*** Provided information ***
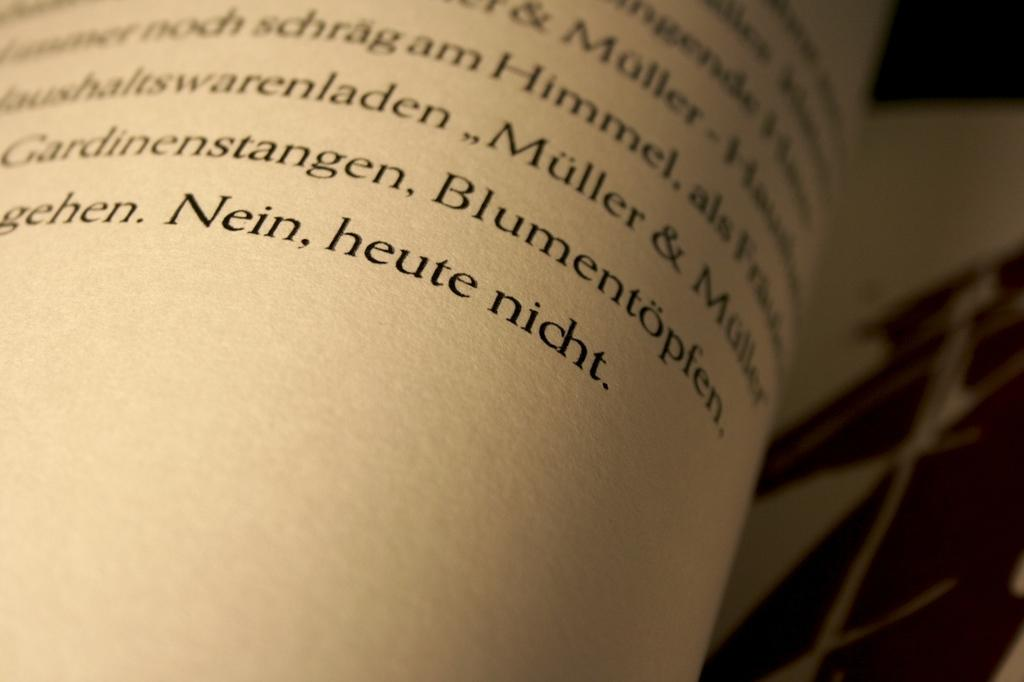What is the primary object in the image? There is a paper with text in the image. Can you describe the background of the image? The background of the image is blurry. What type of chalk is being used to write the text on the paper? There is no chalk present in the image; the text is written on the paper, not on a chalkboard or similar surface. 
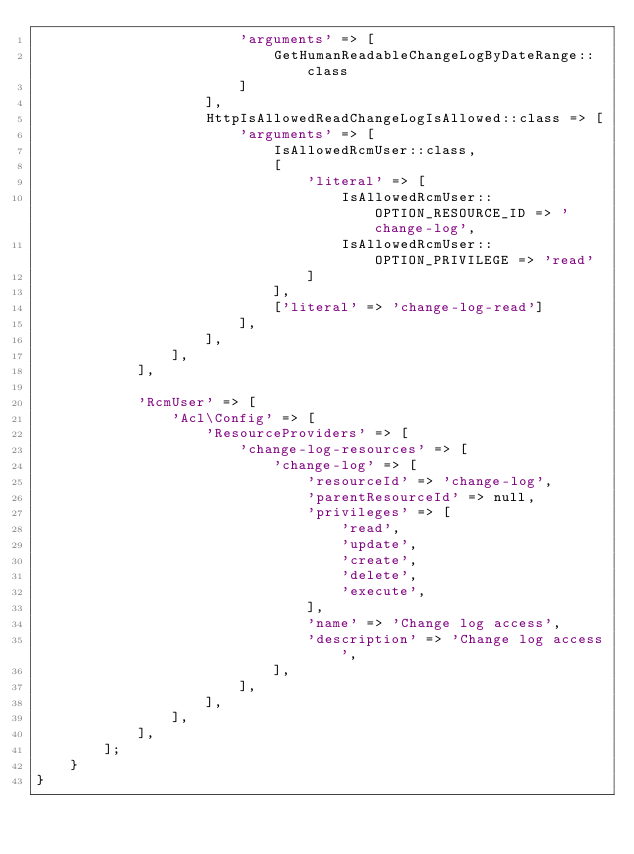Convert code to text. <code><loc_0><loc_0><loc_500><loc_500><_PHP_>                        'arguments' => [
                            GetHumanReadableChangeLogByDateRange::class
                        ]
                    ],
                    HttpIsAllowedReadChangeLogIsAllowed::class => [
                        'arguments' => [
                            IsAllowedRcmUser::class,
                            [
                                'literal' => [
                                    IsAllowedRcmUser::OPTION_RESOURCE_ID => 'change-log',
                                    IsAllowedRcmUser::OPTION_PRIVILEGE => 'read'
                                ]
                            ],
                            ['literal' => 'change-log-read']
                        ],
                    ],
                ],
            ],

            'RcmUser' => [
                'Acl\Config' => [
                    'ResourceProviders' => [
                        'change-log-resources' => [
                            'change-log' => [
                                'resourceId' => 'change-log',
                                'parentResourceId' => null,
                                'privileges' => [
                                    'read',
                                    'update',
                                    'create',
                                    'delete',
                                    'execute',
                                ],
                                'name' => 'Change log access',
                                'description' => 'Change log access',
                            ],
                        ],
                    ],
                ],
            ],
        ];
    }
}
</code> 
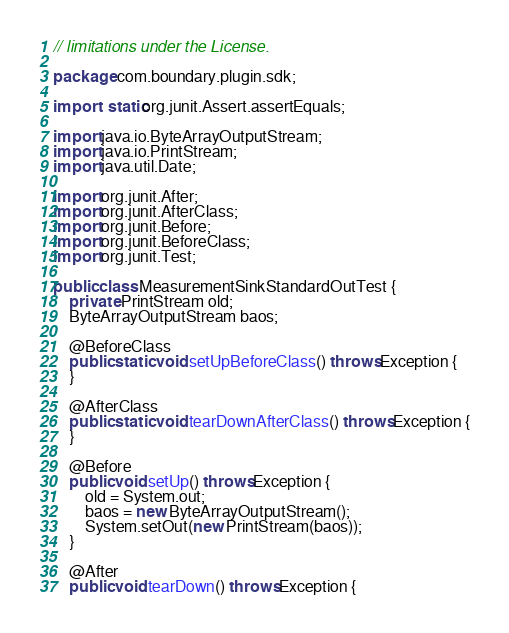<code> <loc_0><loc_0><loc_500><loc_500><_Java_>// limitations under the License.

package com.boundary.plugin.sdk;

import static org.junit.Assert.assertEquals;

import java.io.ByteArrayOutputStream;
import java.io.PrintStream;
import java.util.Date;

import org.junit.After;
import org.junit.AfterClass;
import org.junit.Before;
import org.junit.BeforeClass;
import org.junit.Test;

public class MeasurementSinkStandardOutTest {
	private PrintStream old;
	ByteArrayOutputStream baos;

	@BeforeClass
	public static void setUpBeforeClass() throws Exception {
	}

	@AfterClass
	public static void tearDownAfterClass() throws Exception {
	}

	@Before
	public void setUp() throws Exception {
		old = System.out;
		baos = new ByteArrayOutputStream();
		System.setOut(new PrintStream(baos));
	}

	@After
	public void tearDown() throws Exception {</code>
*** End of Provided information ***
:: Assignment ::
Review the entries above and return every line where "access" appears.

:: Task result ::
                                'name' => 'Change log access',
                                'description' => 'Change log access',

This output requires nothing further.